Is the OEM DPR input pulse width modulated (PWM) or continuous? I had been thinking that we needed to give it a continuous mA signal.

The Power Module ups that DPR current a bit. I think there are half a dozen settings, but the higher ones are in the 40mA range, IIRC.

Agreed. I believe that a sufficiently negative input (don't remember how much, maybe -10, maybe -50) to the DPR does cut fuel completely, but this would have to be verified.
On the other hand, it would probably run better under racing conditions (if fuel usage wasn't an issue) if the AFR was simply maintained.

Admittedly I haven't hooked up a scope to watch the DPR current control signal, but I do believe it is a bona-fide old school current control. A duty cycle of sufficient frequency should do the same thing. At a high enough frequency, I think around 100Hz, the valve won't respond to the individual pulses. Or you could take a duty cycle output to an appropriate transistor or MOSFET to then get a straight current output to the DPR.

40mA sounds way too much considering the measurements I've made. I increased DPR current by 2mA from around 20mA to 22mA at WOT by maxing out the altitude sensor input and that was enough to richen AFR by almost one point.

I believe -50mA is the max negative current specification and I've measured around -40mA when in overrun and fuel cut is active.

Personally, I think there is very little to be gained by changing the fuel injection control system. There are various means available to reach a desired AFR, albeit by making global shifts irrespective of engine rpm. So a little chip tuning is in order to make rpm dependent adjustments. :p

And as people above have pointed out, there might not be much to gain from a crankfire ignition system, except to make tuning easier and to make rpm dependent spark timing changes rather than the global shift that moving the distributor makes. So it's possible that there is a little to be gained from improving the area under the curve.
 
This is exactly the technology that IT does not need. The HP increase potential cant be more than maybe 4hp at 6500.
We dont need guys with too much free time expanding the dollars vs Hp return. IMHO. Keep it cheap and simple as it was meant to be.
Go play in GT or prod.
The WOT settings can be very close to optimal, both timing and AFR. with the current low tech systems. We dont care about cruise or boost /timing ratios.
 
This is exactly the technology that IT does not need. The HP increase potential cant be more than maybe 4hp at 6500.
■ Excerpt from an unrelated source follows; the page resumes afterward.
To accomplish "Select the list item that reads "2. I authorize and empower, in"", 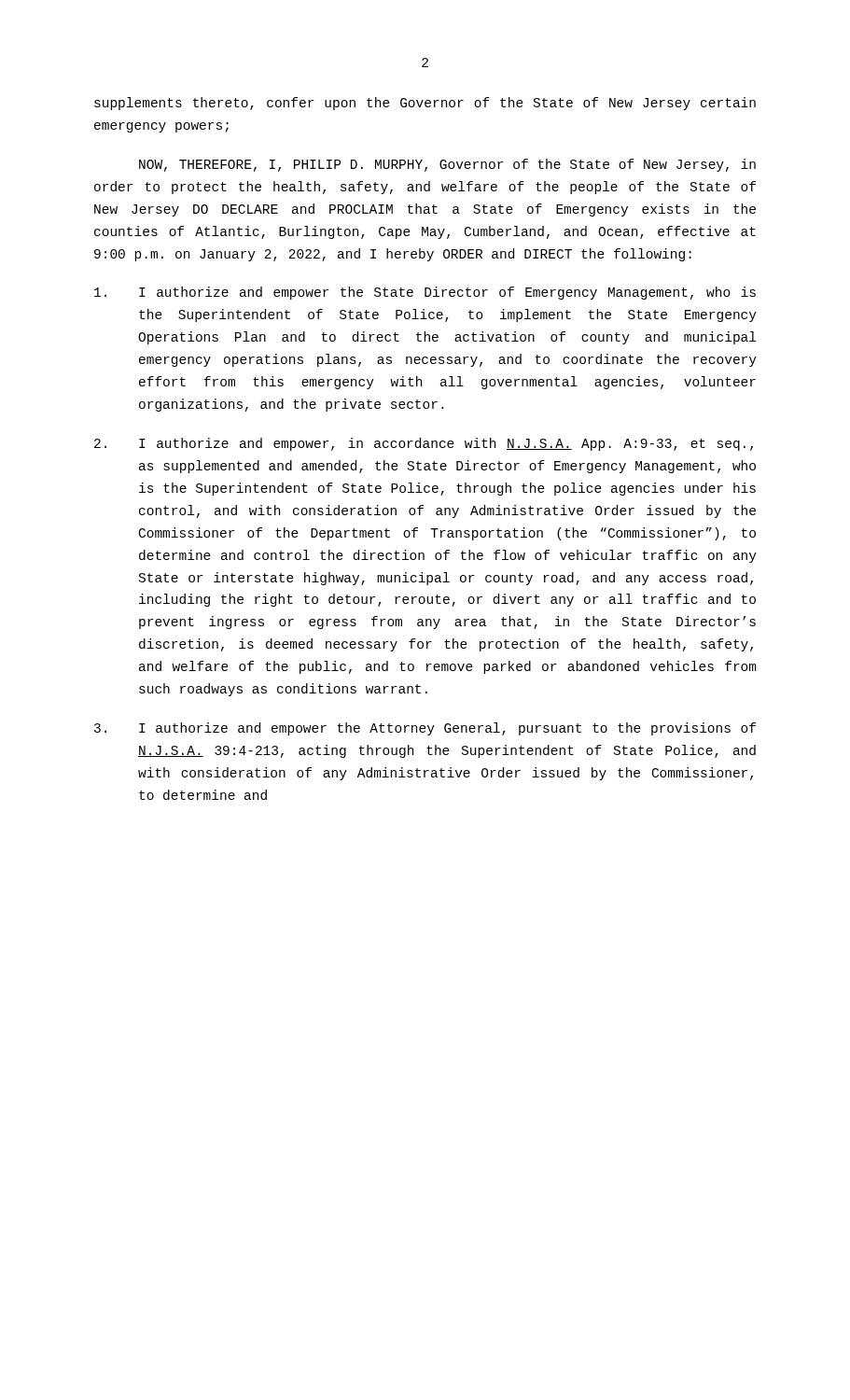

Sorry, but the genie is out of the bottle with the open ECU rule. There is no denying that fact. So why shouldn't everyone be able to ask the genie for a wish, not just the few who play with a newer car that already has a crank trigger? Just asking for a level playing field......

If the comp board follows through on the proposal for competition adjustments then this becomes a moot point because then it doesn't matter if so and so engine can achieve the theoretical power multiplier since the weight will be adjusted to balance out over and under achievers.
 
The HP increase potential cant be more than maybe 4hp at 6500.
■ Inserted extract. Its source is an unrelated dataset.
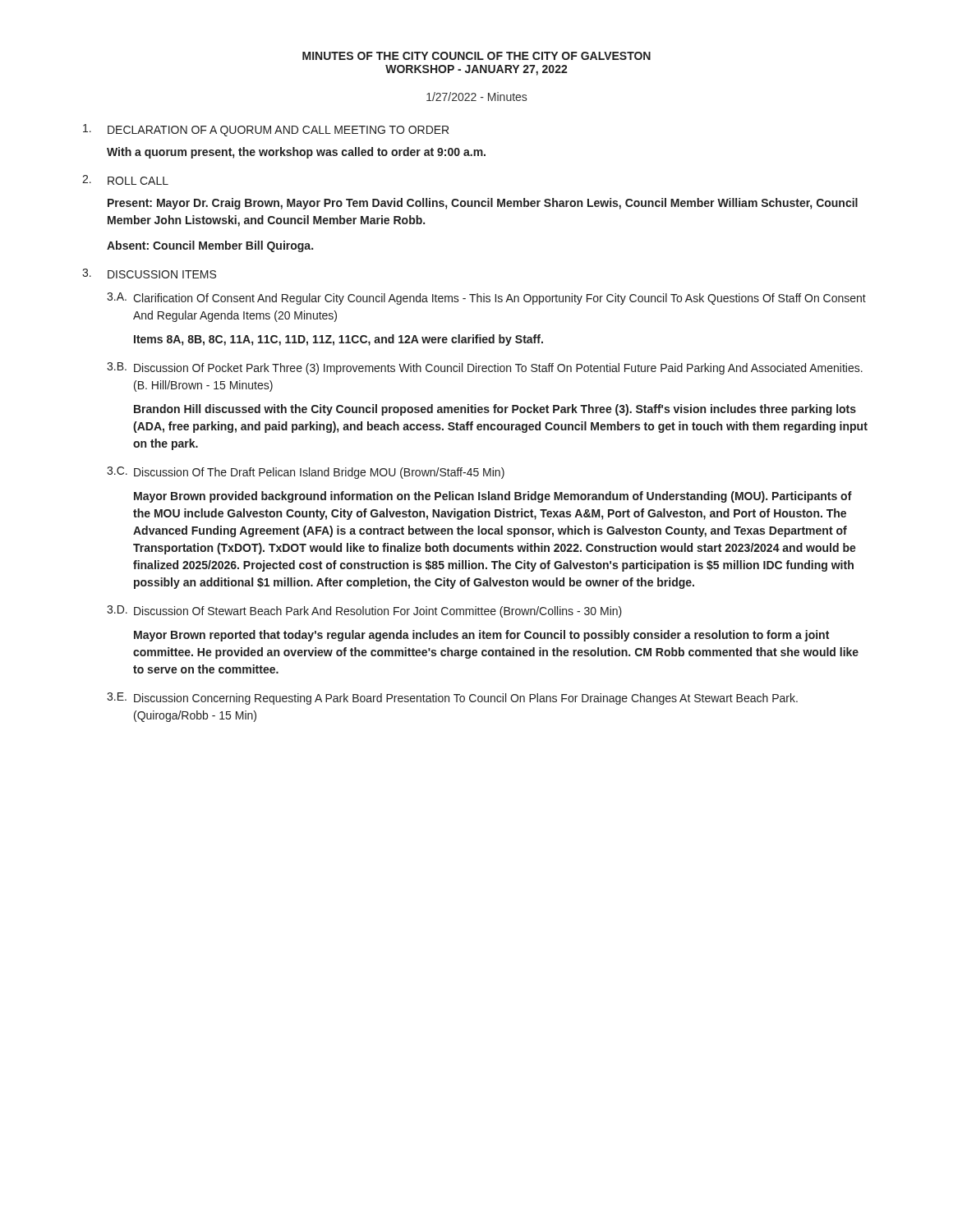Image resolution: width=953 pixels, height=1232 pixels.
Task: Find "2. ROLL CALL" on this page
Action: (125, 181)

I was thinking 1 or 2, but 4 could be night and day! Thanks for the extra carrot ;)

We dont need guys with too much free time expanding the dollars vs Hp return.
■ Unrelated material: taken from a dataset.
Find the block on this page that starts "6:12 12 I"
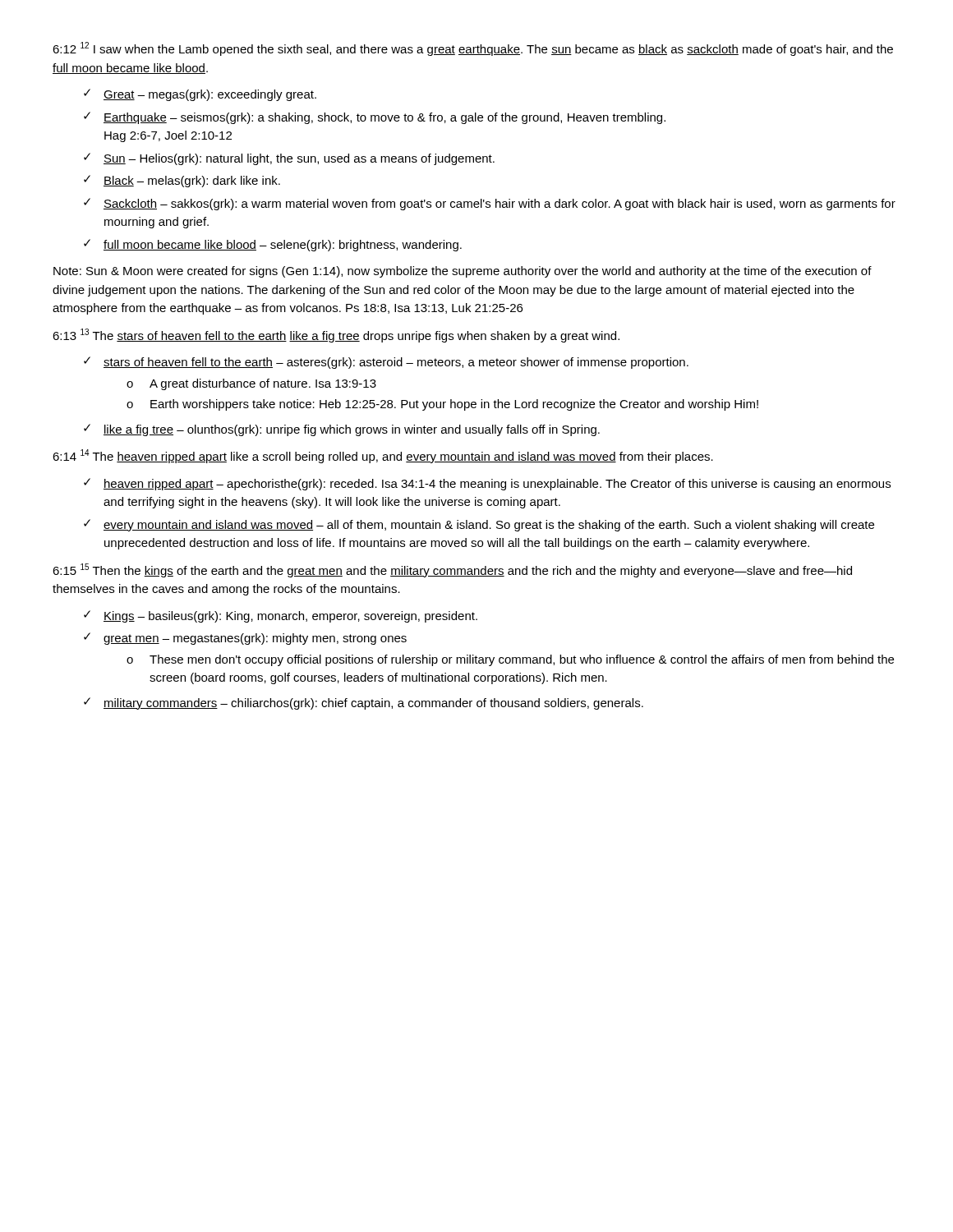 pyautogui.click(x=473, y=58)

Free time? Never even met her; and if I did, it wasn't me. Anyway, the plan is less $ for more hp -- hence the hope to use MegaSquirt rather than anything proprietary.

Personally, I think there is very little to be gained by changing the fuel injection control system. There are various means available to reach a desired AFR, albeit by making global shifts irrespective of engine rpm. So a little chip tuning is in order to make rpm dependent adjustments.

Well, even if that's all we get, a tad wider torque band and not having to pay for chip tuning (and/or be at the mercy of the chip tuner) would seem worth it to me.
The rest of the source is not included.